Happy Birthday, Pumpy McPumpFace! almost. It's been around a year since I started using an insulin pump and phew, what a journey! You might have noticed from my frequent social rants; I like data from big numbers. A year of pumping, around 120 set changes, approx 26,000 units of insulin and, very importantly, 0 insulin injections from pens or syringes - seems like a satisfying amount of numbers to form a good opinion on insulin pump therapy (we'll get to the TIR later, don't worry).

Urgh! It's a nightmare, don't waste your time!

Just kidding. It has transformed my T1D and I'm absolutely delighted and massively grateful for the chance to pump. You knew that already, of course because you follow my socials because you have great taste in tweets. In this blog I am going to run through some of the stand-out experiences of using a pump in the last year. These are my experiences and you'll likely have your own should you decide that pumping is for you. 

I remember owning this pump for a week before getting set up. That stemmed from a feeling of anxiety and nervousness that I might make a mistake and give myself a massive overdose or, as is my want with most tech, break it. None of those things happened and it only took a sweaty hour or so to get started thanks to a Zoom call with a former Accu-chek Combo user. In hindsight, I could've done the set up myself from watching YouTube videos but there was something reassuring to have that peer support on hand over a live video call.

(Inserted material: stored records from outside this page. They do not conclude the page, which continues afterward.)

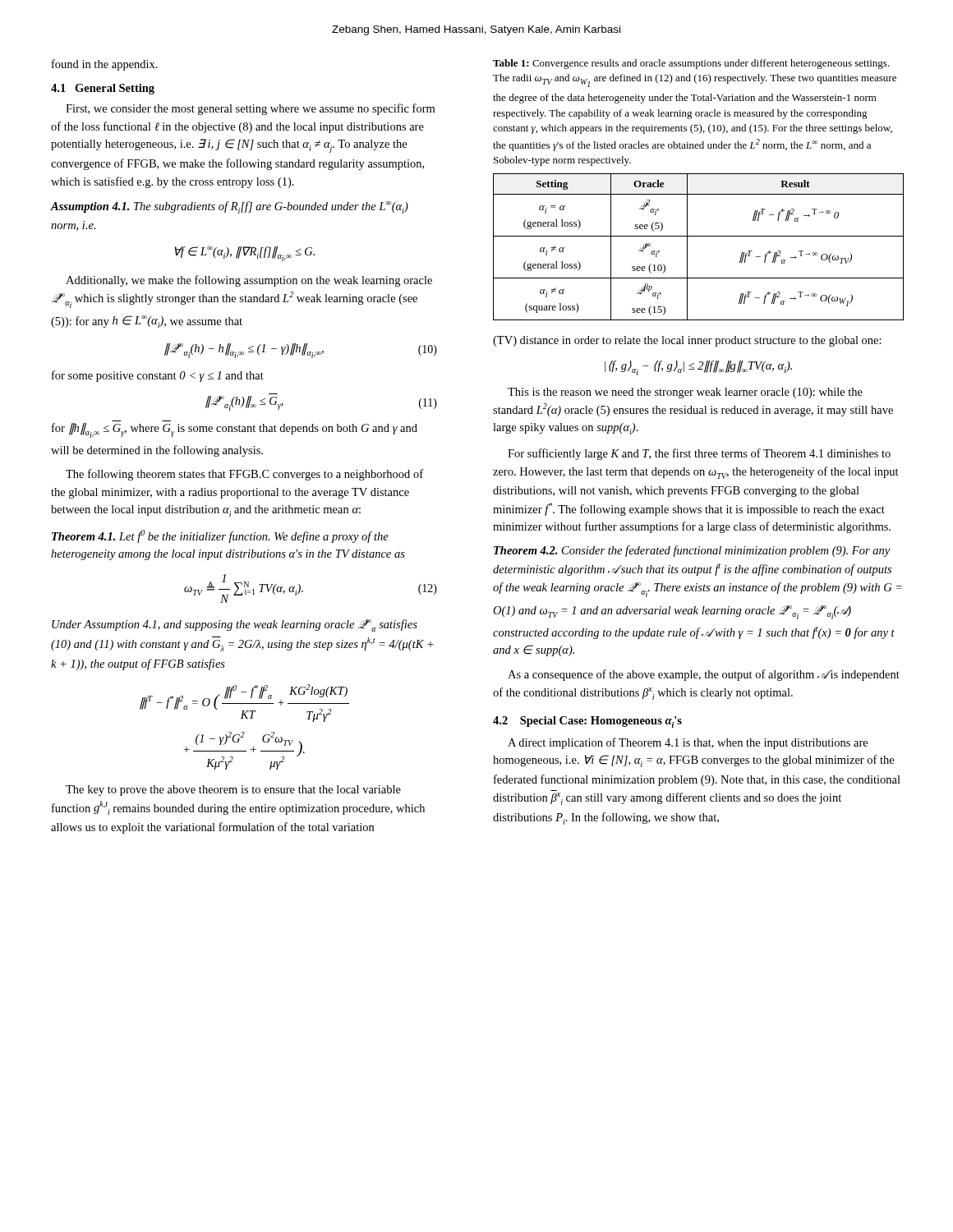Find "found in the appendix." on this page
Screen dimensions: 1232x953
click(x=105, y=65)
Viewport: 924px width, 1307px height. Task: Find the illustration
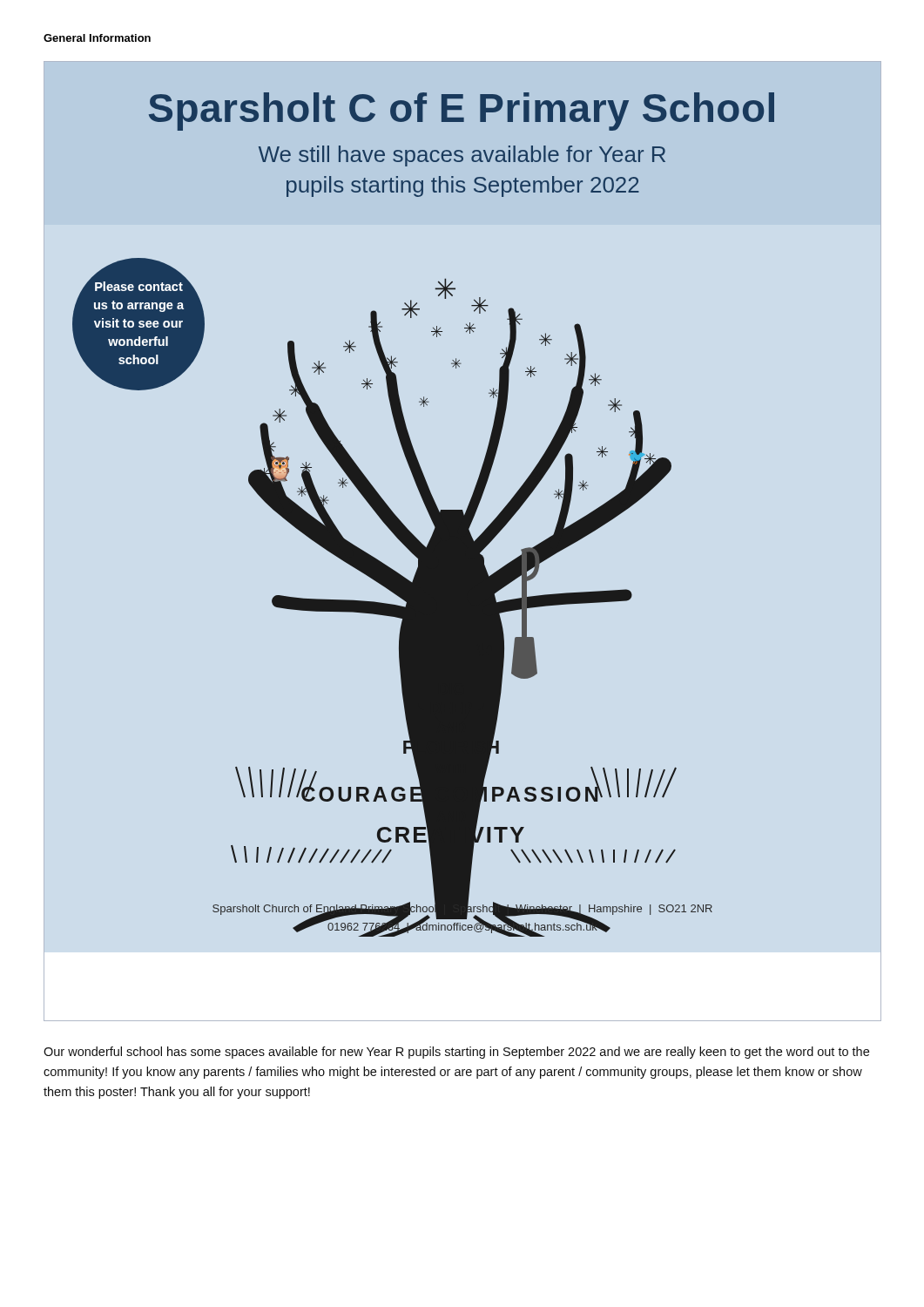pos(462,541)
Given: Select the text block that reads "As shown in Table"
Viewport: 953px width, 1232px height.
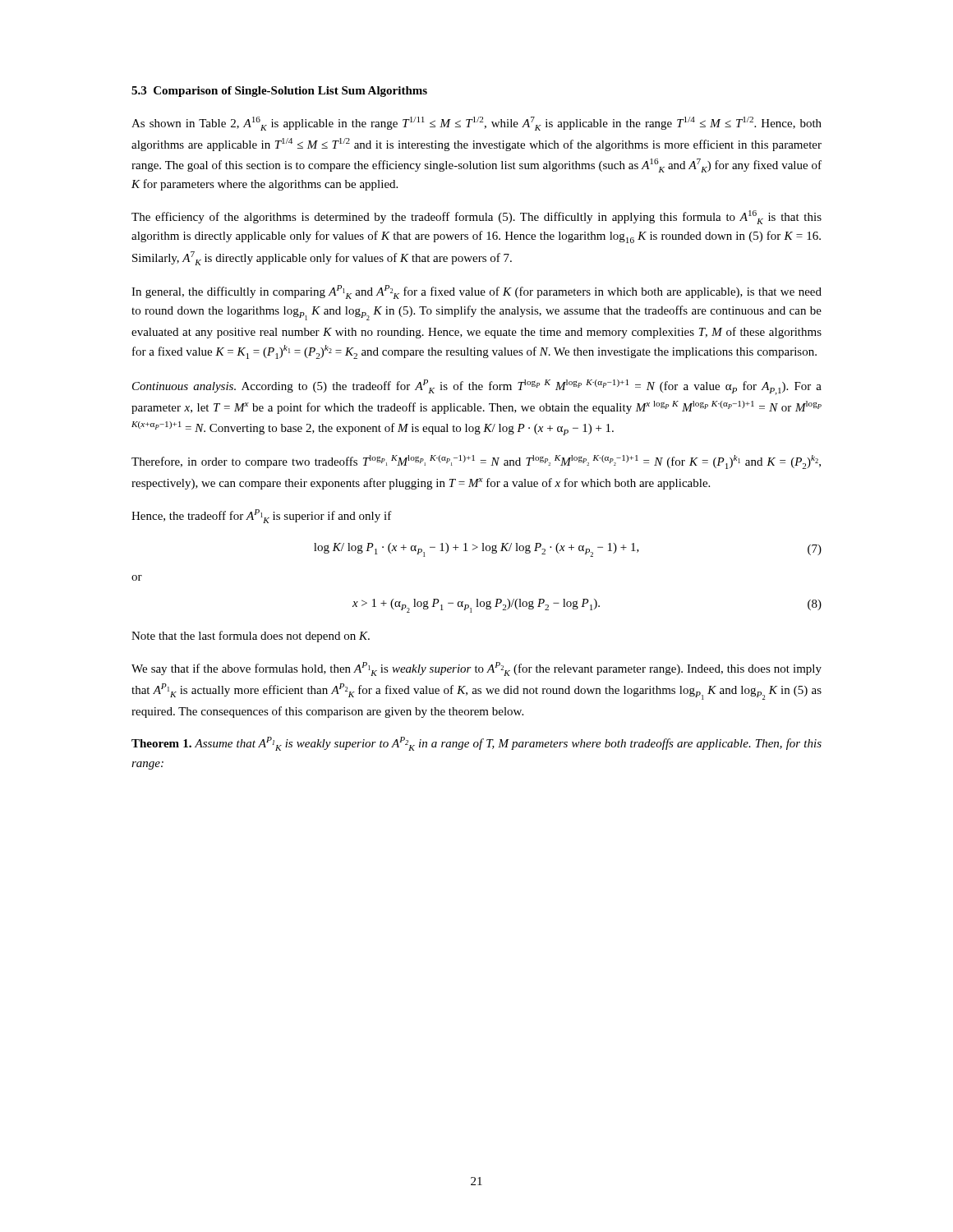Looking at the screenshot, I should point(476,320).
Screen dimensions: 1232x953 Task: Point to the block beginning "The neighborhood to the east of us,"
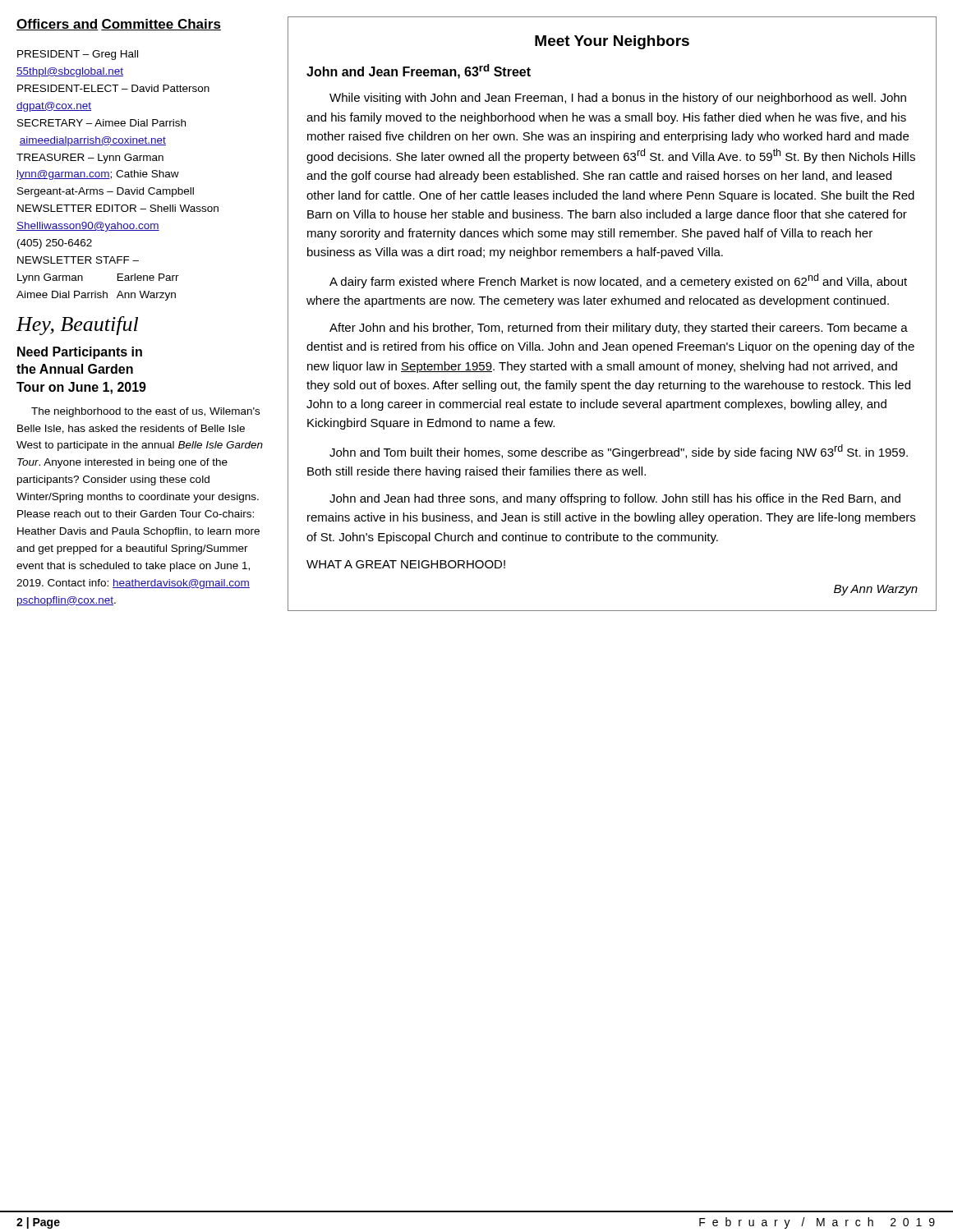[x=140, y=505]
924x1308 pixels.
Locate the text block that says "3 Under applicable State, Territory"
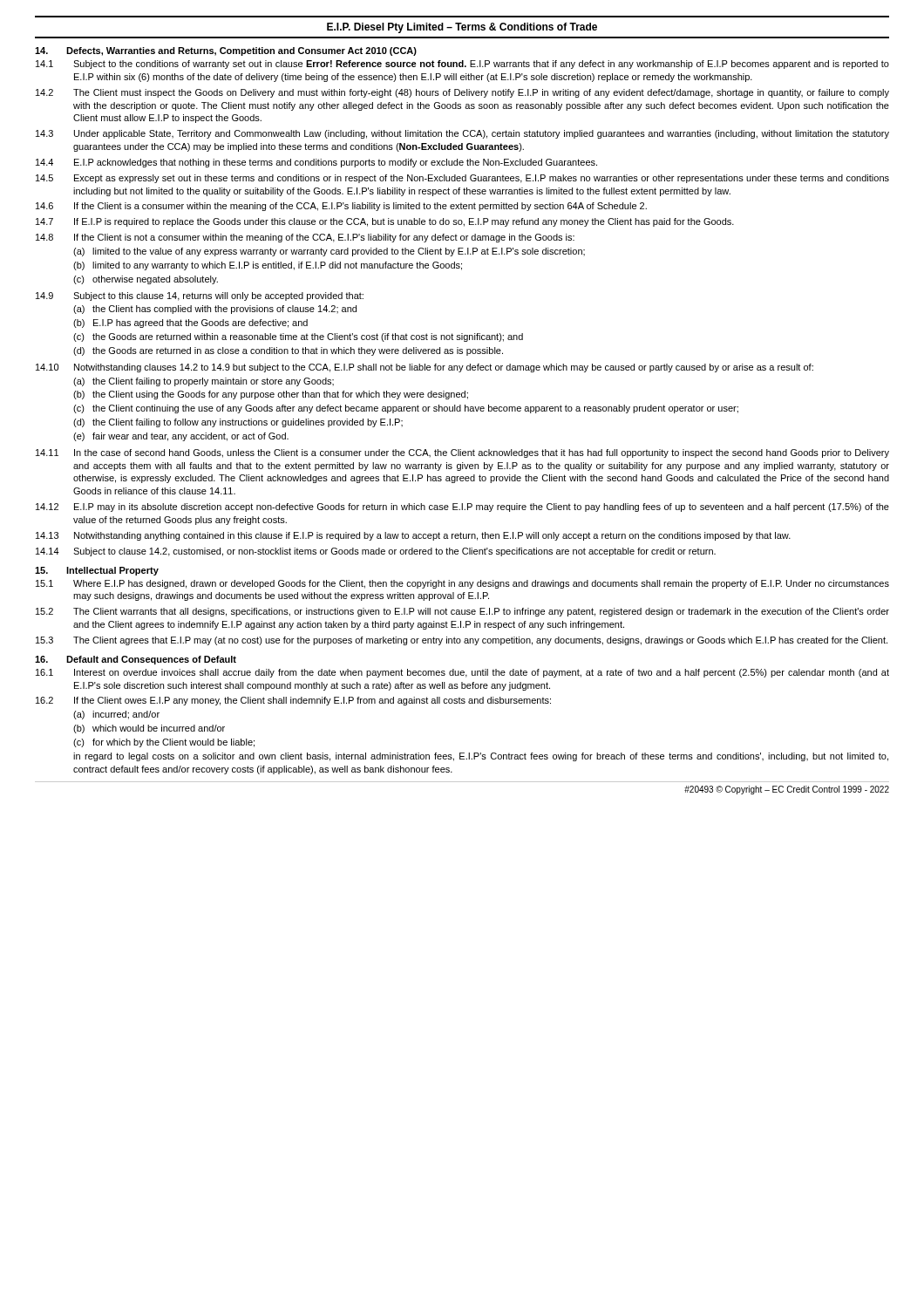tap(462, 140)
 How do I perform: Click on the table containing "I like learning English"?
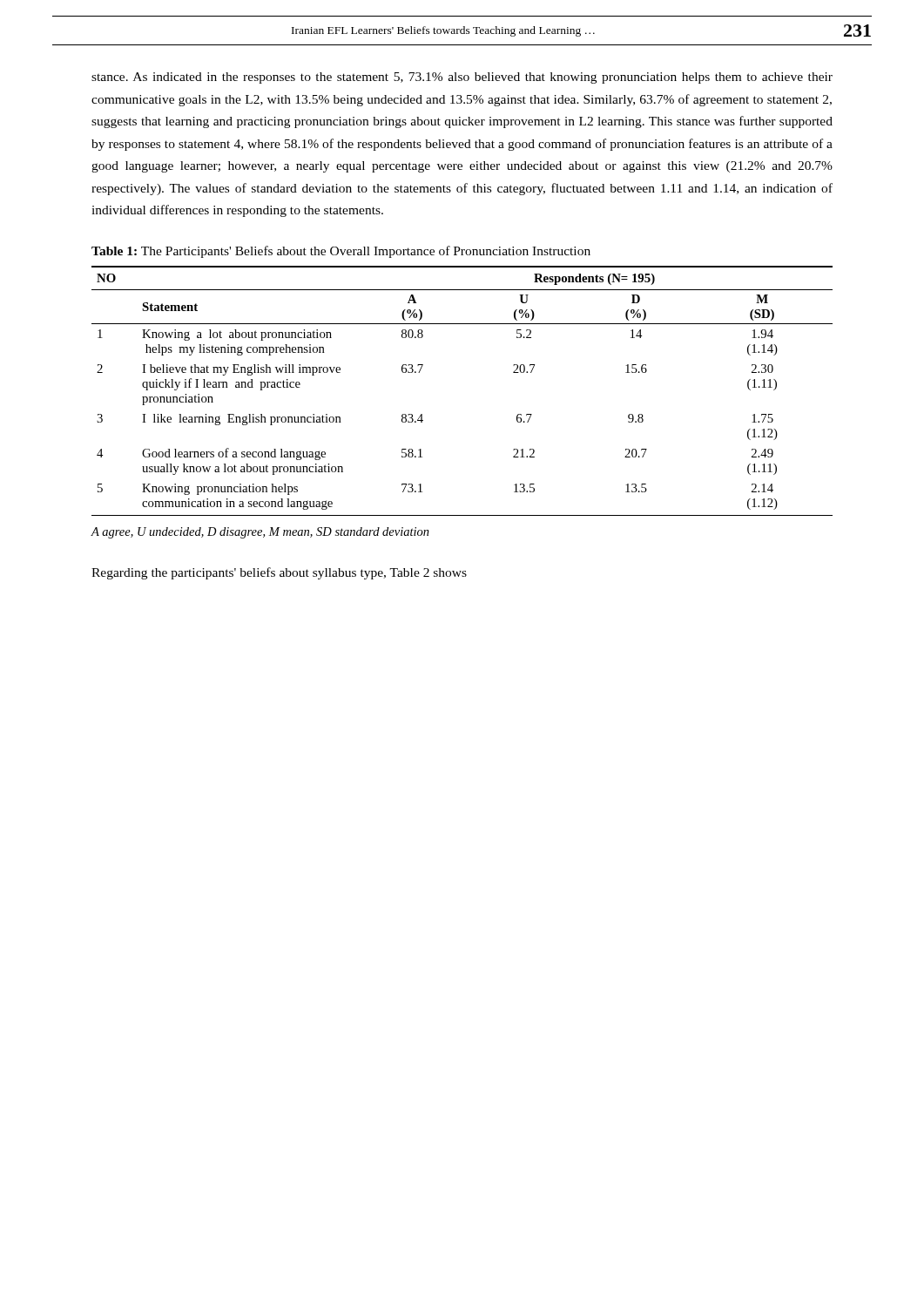(462, 391)
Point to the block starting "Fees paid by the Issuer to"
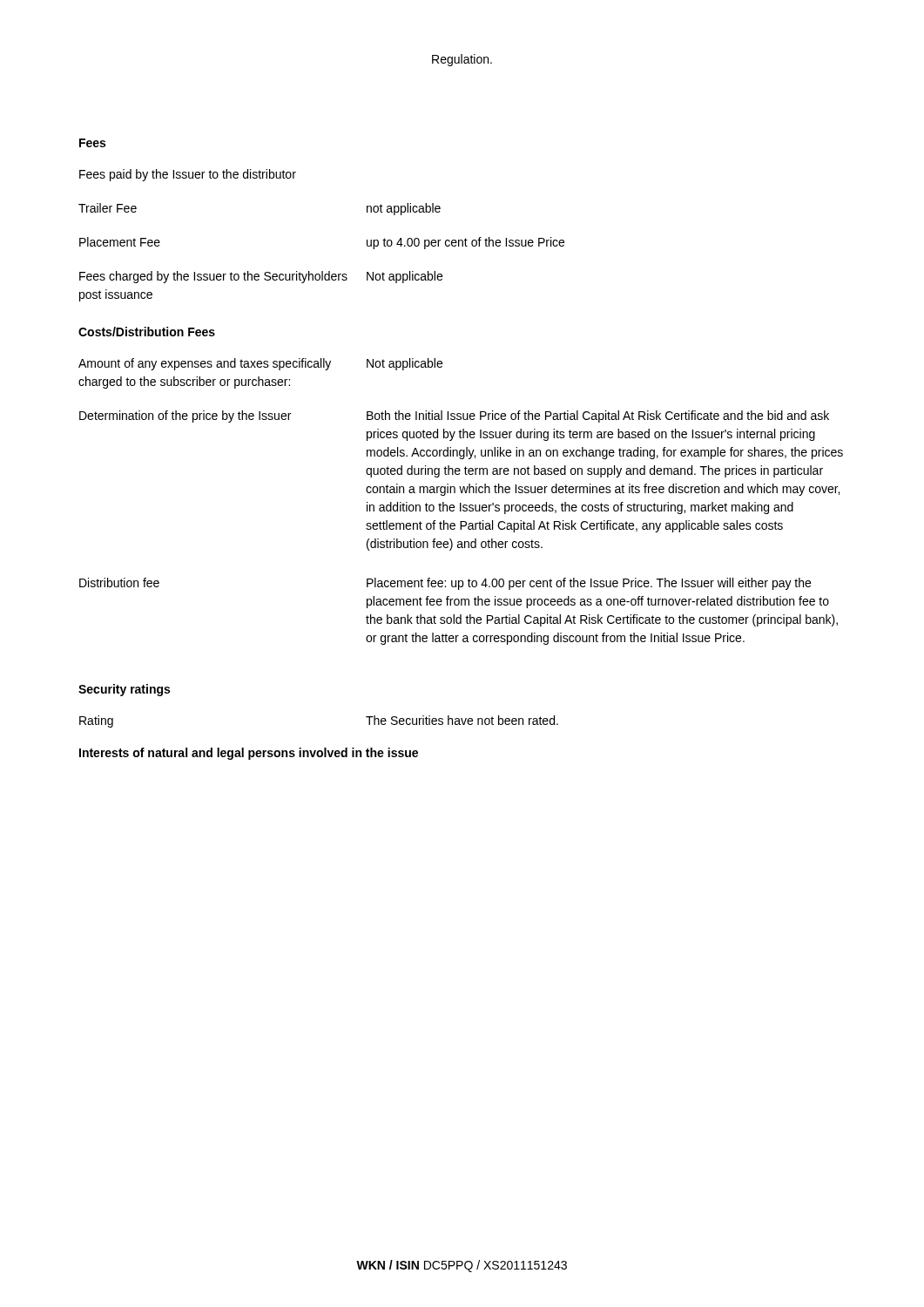 (222, 175)

Great, so, you're not interested in a day by day run down of pump use from here on in and, to be honest, I couldn't tell you what I had for breakfast let alone what my bolus for it was (obviously it was coffee). Let's get to the important bits, the positives and negatives, and I'll try to keep them brief.

Negatives:

Yes, there are some!

- Always attached
Unless you're taking a bath or a shower then you're always attached to that little lump of plastic and 60cm of tubing filled with insulin. Eventually, it becomes a very normal thing and you learn to adapt even in the bedroom! However, it does mean you're aware of things like door handles, getting hung up on similar things and where to put the pump on your person. If you use a CGM then you're likely well versed in site rotation for your little "always on me" buddy. The same is true of a pump site but, a pump site needs to be changed every 3 days or so. Your CGM may last for 14 days. If you're moving to a pump then start considering the idea of different areas on your body for placement. Legs are fine for me, some use arms, boobs, love handles and top of the bum. I think I'm good with legs and tummy for the time being. 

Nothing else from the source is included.